The state has so many business and residential electric
customers, Ritter said, that it would be highly expensive even to provide a
small amount of relief, according to the Courant story.
Note the import of the word “expensive” here. Tax relief
would be “expensive” for whom?
“It would take hundreds of millions of dollars to save the
average person $5 on their bill, and it would appear as a credit,” Ritter told
The Courant in an interview. “If you need an election issue because you’re
trying to turn attention away from the national stuff, you can certainly
mention this, but it would literally save people five dollars. I don’t think
it’s a smart play.”
The cat Ritter let out of the bag will be squealing soon.
Ritter’s is an argument in favor of abandoning all
tax cuts and all savings realized through spending reductions, the reason
being -- such measures would be too costly for the governing authority. What
Ritter means to say is that tax reductions, regulation reductions and spending
reductions are inadvisable because they would be inconvenient for Ritter and
his Democrat Party associates in the state’s General Assembly and the
governor’s office.
Regulations and taxes in Connecticut, once they go up, must never
come down. In fact, this has been for decades the unofficial and overriding
doctrine of Connecticut’s Democrat Party, which is why the state is staggering
under an unsupportable $88 billion dollar debt, passed on through the decades
to future generations. The future has now become too close for comfort.

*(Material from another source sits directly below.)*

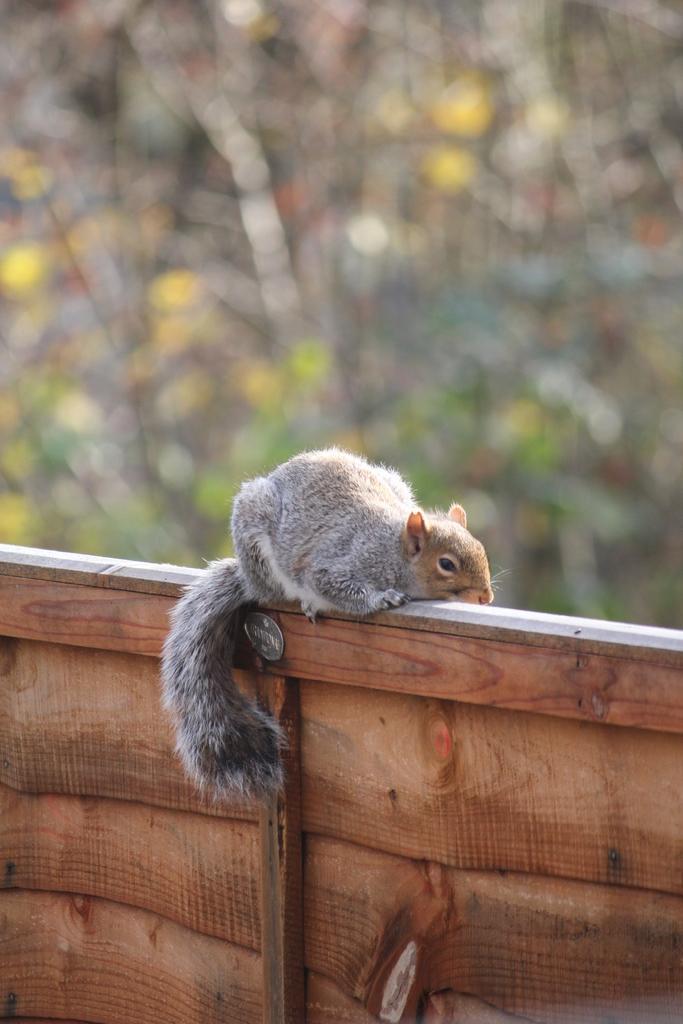Could you give a brief overview of what you see in this image? In this image I can see a squirrel which is white, ash and brown in color is on the wooden wall. In the background I can see few trees which are blurred.

Now then, like God, the immutable laws of economics will not
be mocked, nor should they be overridden by political greed, and at some point
Connecticut must bite the debt bullet. It started to do so when Republicans,
for a brief moment at parity with Democrats in one House of the General
Assembly, convinced leading Democrats, Ritter among them, to erect some
spending guardrails. But those guardrails will not survive an attack upon them
by neo-progressive Democrats in the General Assembly devoted to the above
proposition -- that spending and taxation should under no circumstances be
reduced.
Such reductions enriching the middle class would be
inconvenient for a political body addicted to harvesting votes by lavishing
upon supportive political groups tax credits and regulatory relief. If you have
no surplus money in your budget to parcel out to favored groups, you cannot buy
their votes with tax money you do not have.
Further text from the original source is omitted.